Classes
In the previous section, we saw how to make structures. Here is another example of a structure: the structure of a group homomorphism.
import Mathlib.Tactic
structure GroupHom (G H : Type) [Group G] [Group H] where
/-- The underlying function -/
toFun : G → H
/-- The proposition that the function preserves multiplication -/
map_mul : ∀ x y : G, toFun (x * y) = toFun x * toFun y
If G and H are groups, then a to give a group homomorphism from G to H is to give a function from G to H which preserves multiplication, so a term of type GroupHom G H is a pair, consisting of a function and a proof. But what does that [Group G] mean and why is it in weird brackets?
So the deal is that Group is a class, which is simply a structure tagged with the @[class] attribute. The definition of a group might look like this (I’ll call it MyGroup because Group is already used):
import Mathlib.Tactic
class MyGroup (G : Type) extends Mul G, One G, Inv G where
mul_assoc (a b c : G) : (a * b) * c = a * (b * c)
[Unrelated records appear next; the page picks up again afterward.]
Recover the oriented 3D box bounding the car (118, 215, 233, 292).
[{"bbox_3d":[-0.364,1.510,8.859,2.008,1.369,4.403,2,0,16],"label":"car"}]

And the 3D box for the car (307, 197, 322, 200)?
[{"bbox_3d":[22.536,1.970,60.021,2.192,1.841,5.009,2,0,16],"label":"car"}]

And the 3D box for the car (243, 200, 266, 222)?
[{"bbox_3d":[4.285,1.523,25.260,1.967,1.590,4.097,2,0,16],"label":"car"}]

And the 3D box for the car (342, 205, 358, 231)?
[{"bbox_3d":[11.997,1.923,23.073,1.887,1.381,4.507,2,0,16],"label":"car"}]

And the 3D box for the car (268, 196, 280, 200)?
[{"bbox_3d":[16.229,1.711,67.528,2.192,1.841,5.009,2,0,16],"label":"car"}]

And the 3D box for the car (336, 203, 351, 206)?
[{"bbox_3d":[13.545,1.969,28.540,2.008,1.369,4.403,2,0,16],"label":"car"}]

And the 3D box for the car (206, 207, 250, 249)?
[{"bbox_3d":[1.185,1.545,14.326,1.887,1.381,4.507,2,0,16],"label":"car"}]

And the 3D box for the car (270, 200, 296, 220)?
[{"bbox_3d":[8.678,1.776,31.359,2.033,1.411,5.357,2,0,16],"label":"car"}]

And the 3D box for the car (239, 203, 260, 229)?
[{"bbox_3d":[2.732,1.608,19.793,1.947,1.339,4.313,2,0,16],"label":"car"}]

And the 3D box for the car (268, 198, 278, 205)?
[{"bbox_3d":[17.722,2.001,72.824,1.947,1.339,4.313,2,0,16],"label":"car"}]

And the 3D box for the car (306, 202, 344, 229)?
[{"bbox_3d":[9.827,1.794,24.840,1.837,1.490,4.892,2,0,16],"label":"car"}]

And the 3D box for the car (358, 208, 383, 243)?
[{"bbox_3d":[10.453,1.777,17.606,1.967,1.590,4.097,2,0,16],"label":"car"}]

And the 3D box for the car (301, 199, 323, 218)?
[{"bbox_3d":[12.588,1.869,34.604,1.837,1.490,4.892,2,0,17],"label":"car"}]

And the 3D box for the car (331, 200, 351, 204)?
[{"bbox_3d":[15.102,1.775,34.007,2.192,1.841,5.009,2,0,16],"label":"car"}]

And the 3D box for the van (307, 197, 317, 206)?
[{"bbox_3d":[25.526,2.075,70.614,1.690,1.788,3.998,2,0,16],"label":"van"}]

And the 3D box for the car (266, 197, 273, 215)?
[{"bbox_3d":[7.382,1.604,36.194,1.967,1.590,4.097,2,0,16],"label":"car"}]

one_mul (a : G) : 1 * a = a
mul_one (a : G) : a * 1 = a
mul_left_inv (a : G) : a⁻¹ * a = 1
mul_right_inv (a : G) : a * a⁻¹ = 1
The extends Mul G etc stuff just means “assume G already has a * defined on it”, so a * b makes sense if a b : G.
Similarly we assume there’s an element of G called 1, and that if a : G then there’s an element a⁻¹ : G. The structure
of a group on G is then, on top of this data, proofs of the axioms of a group.
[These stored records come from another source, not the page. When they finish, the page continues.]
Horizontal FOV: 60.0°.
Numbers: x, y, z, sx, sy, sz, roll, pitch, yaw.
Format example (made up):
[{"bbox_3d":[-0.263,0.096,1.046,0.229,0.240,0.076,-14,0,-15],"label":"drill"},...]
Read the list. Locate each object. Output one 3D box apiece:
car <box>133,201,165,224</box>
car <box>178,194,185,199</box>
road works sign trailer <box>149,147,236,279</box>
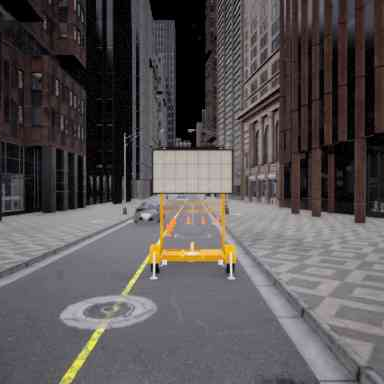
[{"bbox_3d":[-3.050,1.457,24.445,2.128,1.511,4.902,0,0,0],"label":"car"},{"bbox_3d":[-2.817,1.132,91.314,2.128,1.511,4.902,0,0,0],"label":"car"},{"bbox_3d":[0.019,0.457,9.962,2.380,3.560,2.880,0,0,0],"label":"road works sign trailer"}]
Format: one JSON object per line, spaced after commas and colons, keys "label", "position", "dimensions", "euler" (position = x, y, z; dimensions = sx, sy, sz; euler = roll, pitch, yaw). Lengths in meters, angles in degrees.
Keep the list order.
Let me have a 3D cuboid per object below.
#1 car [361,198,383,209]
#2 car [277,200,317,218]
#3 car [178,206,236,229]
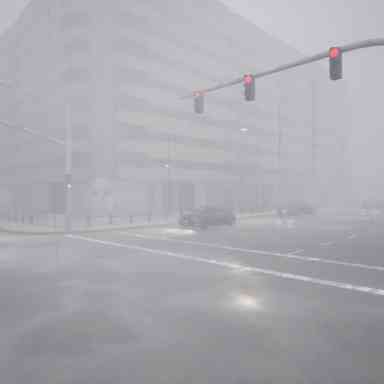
{"label": "car", "position": [24.582, 1.545, 45.014], "dimensions": [4.674, 1.442, 1.812], "euler": [0, -1, -44]}
{"label": "car", "position": [9.749, 1.547, 30.703], "dimensions": [4.902, 1.511, 2.128], "euler": [0, 0, -44]}
{"label": "car", "position": [1.074, 1.641, 22.141], "dimensions": [1.994, 1.385, 4.181], "euler": [-1, 0, 45]}

So why is this a class, whereas group homomorphisms were a structure? Mathematically a group and a group homomorphism are just the same sort of object: both are a “list of stuff”. The difference is in how we want to use this stuff. If φ is a group homomorphism then we would expect to mention φ explicitly when talking about it, and there can be more than one group homomorphism between two groups. In contrast, we would only usually expect one group structure (with group law *) on a type G, rather than the option of moving between several. Furthermore, if we have a group structure i on a type G then we would not expect to keep having to mention i (which is a big list consisting of a multiplication, identity, inverse and proof of five axioms) explicitly, we just want to write g * h if g h : G and don’t want to talk about i.mul or whatever it would be called. We just want the multiplication notation to work.
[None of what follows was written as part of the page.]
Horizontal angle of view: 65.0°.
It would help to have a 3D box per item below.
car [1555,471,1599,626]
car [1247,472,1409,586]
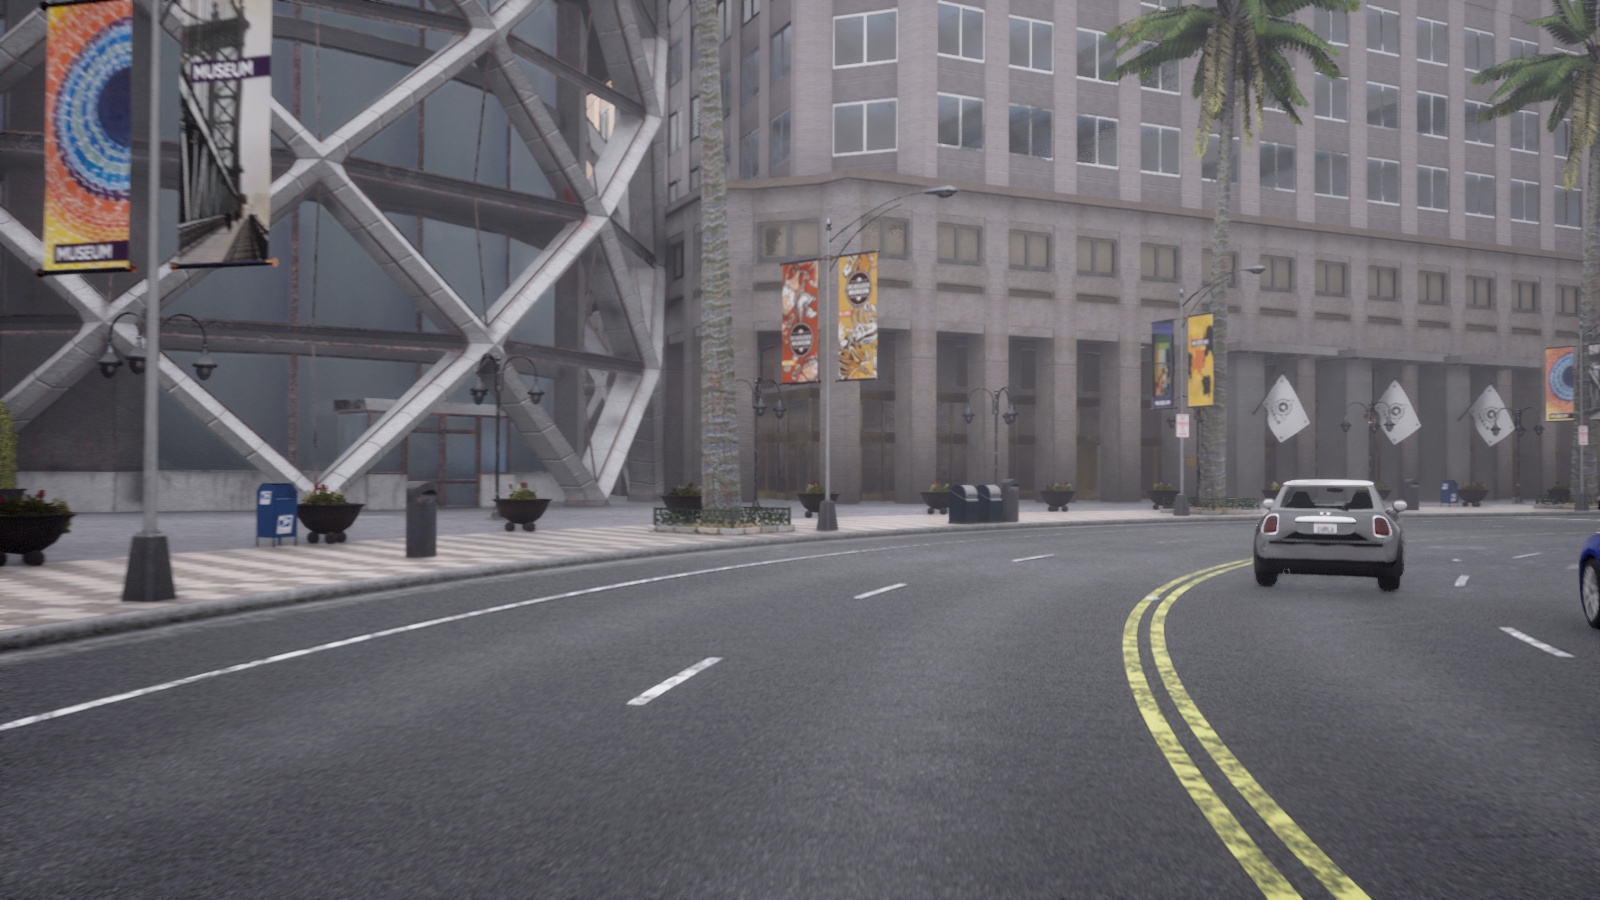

Lean’s typeclass inference system (or “square bracket system”) informally keeps track of classes and instances, meaning that we can write mathematics naturally without having to write down names of structures which are invisible to mathematicians. We don’t say “let G be a set and let i be a group structure on G”; similarly we don’t have to name i : Group G here; we just write [Group G] and Lean assigns some internal name like inst✝ : Group G to the package. Let’s take a look at the type of mul_left_inv:
mul_left_inv {G : Type} [inst✝ : Group G] (a : G) : a⁻¹ * a = 1
If we try to use this theorem (e.g. with rw [mul_left_inv] when our goal is x = a⁻¹ * a) then Lean looks at the type of a (which could be an abstract type like G or a concrete type like ℕ, supplies the type of a as the first input G to mul_left_inv, and then asks the square bracket machine to look through its big list of instances to see if it can find a term of type Group G. If it can, then it will use that term to fill in the second input to mul_left_inv. If it can’t, then it will complain that it can’t find a group structure on G. So the square bracket system is a way of telling Lean “I want to use the group structure on G” without having to name it.
Summary
We use structures when there is likely to be more than one term of the relevant type (e.g. it’s fine to consider several group homomorphisms from G to H) and we use classes when there is likely to be only one term of the relevant type (e.g. it would be very confusing to have two group structures on G both with group law written *, so it’s safe to make Group G into a class). Under the assumption that there is only ever going to be at most one instance of a class, the typeclass inference system (or square bracket system) can be used to find it.